Special Issue "Tumor Radioresistance"

A special issue of Cancers (ISSN 2072-6694).

Deadline for manuscript submissions: 30 April 2019

Special Issue Editors

Guest Editor
Prof. Dr. Jan Bussink

Radiotherapy & OncoImmunology Laboratory, Department of Radiation Oncology, Radboud University Medical Center, 6500 HB Nijmegen, The Netherlands
Website | E-Mail
Interests: Radioresistance; tumor microenvironment; tumor cell hypoxia; EGFR signaling; tumor cell metabolism; tumor vasculature; non-invasive PET imaging; lung cancer
Guest Editor
Dr. Paul Span

Radiotherapy & OncoImmunology Laboratory, Department of Radiation Oncology, Radboud University Medical Center, 6500 HB Nijmegen, The Netherlands
Website | E-Mail
Interests: tumor microenviroment; breast cancer; head and neck cancer; radiotherapy; hypoxia; biobanking

Special Issue Information

Dear Colleagues,

Radiotherapy is given to a majority of patients with cancer, and remains one of the most (cost)effective treatment options available. However, several mechanisms attenuating the efficacy of tumor irradiation have long been known to occur, such as hypoxia, DNA damage repair, repopulation and cell cycle redistribution. Radiobiology research into tumor radioresistance has thus focused on targeting these mechanisms to increase radiotherapy effectiveness by e.g. hypoxia modification, or using combination therapy with DNA damage repair or growth factor receptor inhibitors and reducing the overall treatment time.

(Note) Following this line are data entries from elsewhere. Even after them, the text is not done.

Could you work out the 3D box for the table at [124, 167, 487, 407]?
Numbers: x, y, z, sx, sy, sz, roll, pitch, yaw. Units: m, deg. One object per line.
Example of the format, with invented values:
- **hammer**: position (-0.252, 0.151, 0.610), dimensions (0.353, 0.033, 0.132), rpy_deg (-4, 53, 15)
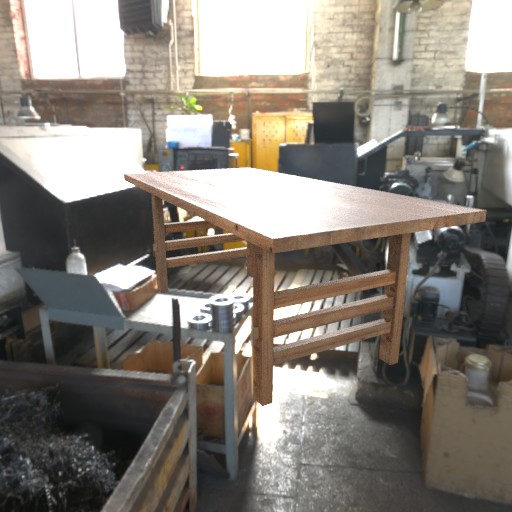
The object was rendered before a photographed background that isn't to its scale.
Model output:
- **table**: position (0.000, 0.000, 2.448), dimensions (0.952, 0.760, 2.003), rpy_deg (-9, 19, -27)
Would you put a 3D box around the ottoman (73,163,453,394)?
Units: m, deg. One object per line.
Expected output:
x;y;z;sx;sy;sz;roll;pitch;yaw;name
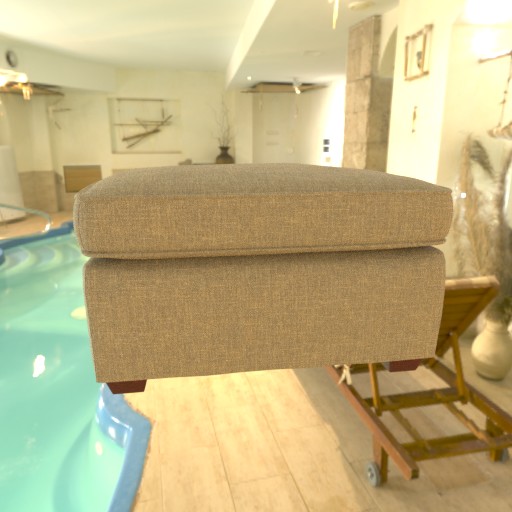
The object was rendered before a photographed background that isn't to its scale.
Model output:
0.000;0.000;1.127;0.762;0.457;0.559;-2;15;-8;ottoman
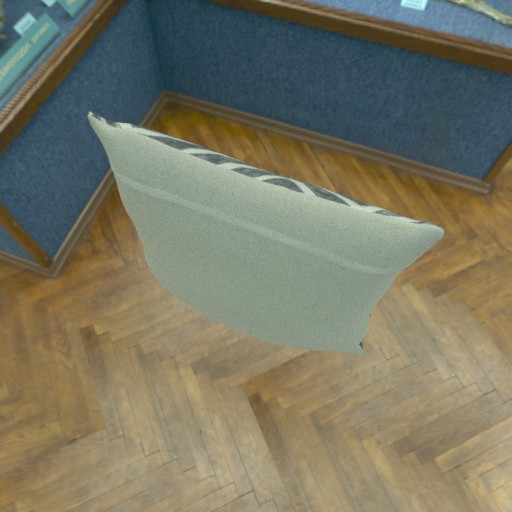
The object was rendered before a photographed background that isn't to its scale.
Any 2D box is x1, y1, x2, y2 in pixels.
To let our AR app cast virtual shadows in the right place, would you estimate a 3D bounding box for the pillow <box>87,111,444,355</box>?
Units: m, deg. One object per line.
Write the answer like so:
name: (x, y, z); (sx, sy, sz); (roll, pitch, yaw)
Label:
pillow: (0.000, 0.000, 0.680); (0.440, 0.441, 0.182); (21, 65, 10)
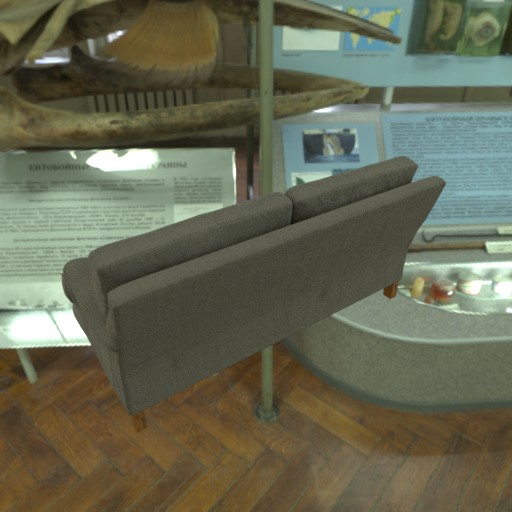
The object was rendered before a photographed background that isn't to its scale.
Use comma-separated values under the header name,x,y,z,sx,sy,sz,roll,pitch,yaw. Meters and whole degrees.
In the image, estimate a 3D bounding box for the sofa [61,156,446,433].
name,x,y,z,sx,sy,sz,roll,pitch,yaw
sofa,0.000,0.000,2.794,2.165,1.087,1.086,-21,38,-29
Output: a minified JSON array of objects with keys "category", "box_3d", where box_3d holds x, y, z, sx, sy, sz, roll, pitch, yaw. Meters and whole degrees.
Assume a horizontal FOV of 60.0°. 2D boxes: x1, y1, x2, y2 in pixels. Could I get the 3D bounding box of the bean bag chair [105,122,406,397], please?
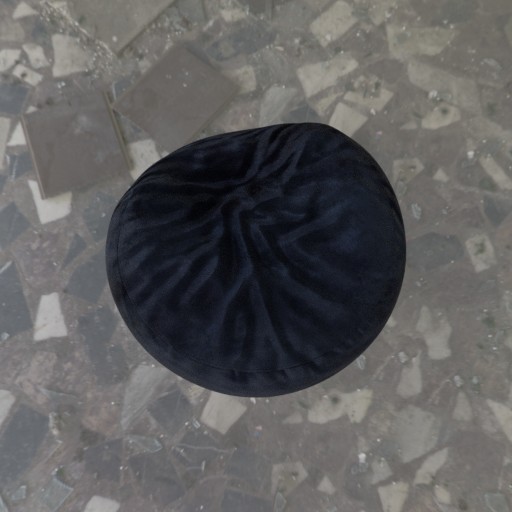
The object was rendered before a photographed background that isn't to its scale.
[{"category":"bean bag chair","box_3d":[0.000,0.000,1.504,0.918,0.616,0.918,0,76,0]}]
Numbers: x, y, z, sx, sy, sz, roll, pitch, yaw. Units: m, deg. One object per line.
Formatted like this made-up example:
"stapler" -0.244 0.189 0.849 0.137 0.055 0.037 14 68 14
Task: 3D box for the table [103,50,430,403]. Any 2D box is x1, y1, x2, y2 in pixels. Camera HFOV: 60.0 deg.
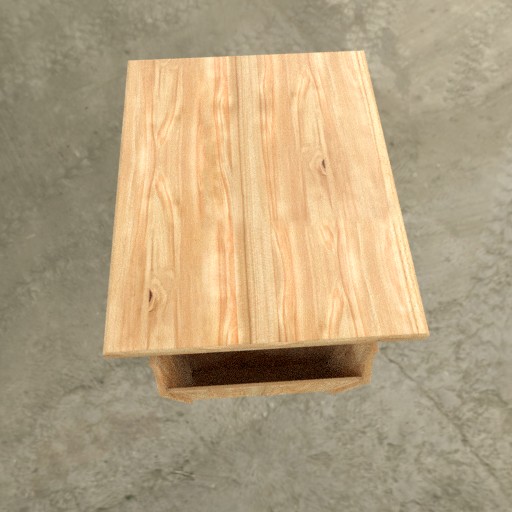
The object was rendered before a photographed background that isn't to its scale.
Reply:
"table" 0.000 0.000 0.842 0.380 0.515 0.530 -3 65 -1
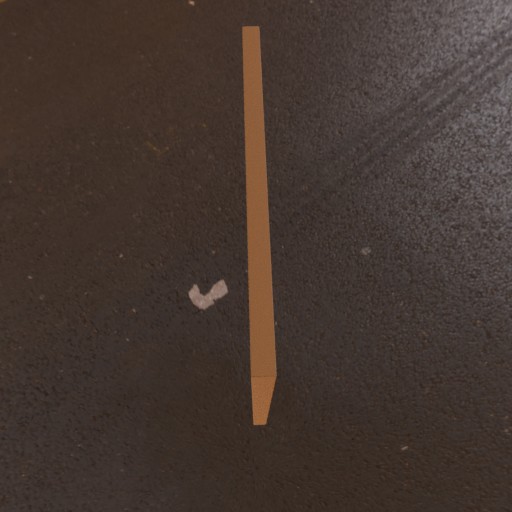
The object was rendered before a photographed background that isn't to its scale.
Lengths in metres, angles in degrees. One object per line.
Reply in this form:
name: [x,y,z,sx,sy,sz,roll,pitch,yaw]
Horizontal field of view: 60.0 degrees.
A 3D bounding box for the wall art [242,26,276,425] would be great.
wall art: [0.000,0.000,1.157,0.037,0.761,0.761,-2,64,-1]
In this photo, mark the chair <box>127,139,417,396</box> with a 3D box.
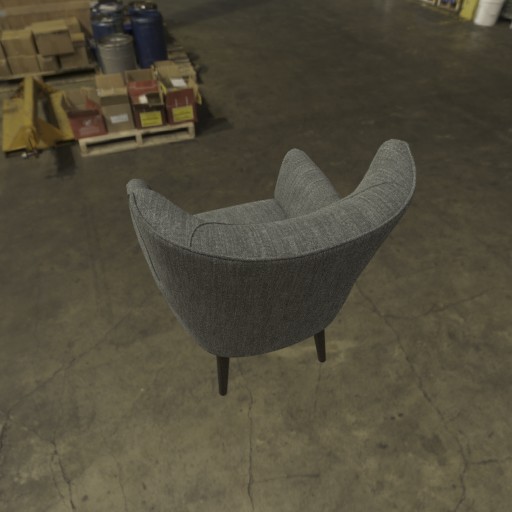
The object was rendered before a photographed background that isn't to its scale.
[{"bbox_3d":[0.000,0.000,1.581,0.781,0.933,0.888,-14,44,-15],"label":"chair"}]

The impact of some of these classic mechanisms on tumor radioresistance has changed, however, with the widespread use of novel radiotherapy regimens such as heavy ions/particles, stereotactic radiotherapy, radiotherapy and immunotherapy combination, etc.. Additionally, recent insights in additional mechanisms such as stem cells/stemness, tumor metabolism, and effect of irradiation on the immune system has lead to rapid development of additional targets for combination therapy with irradiation.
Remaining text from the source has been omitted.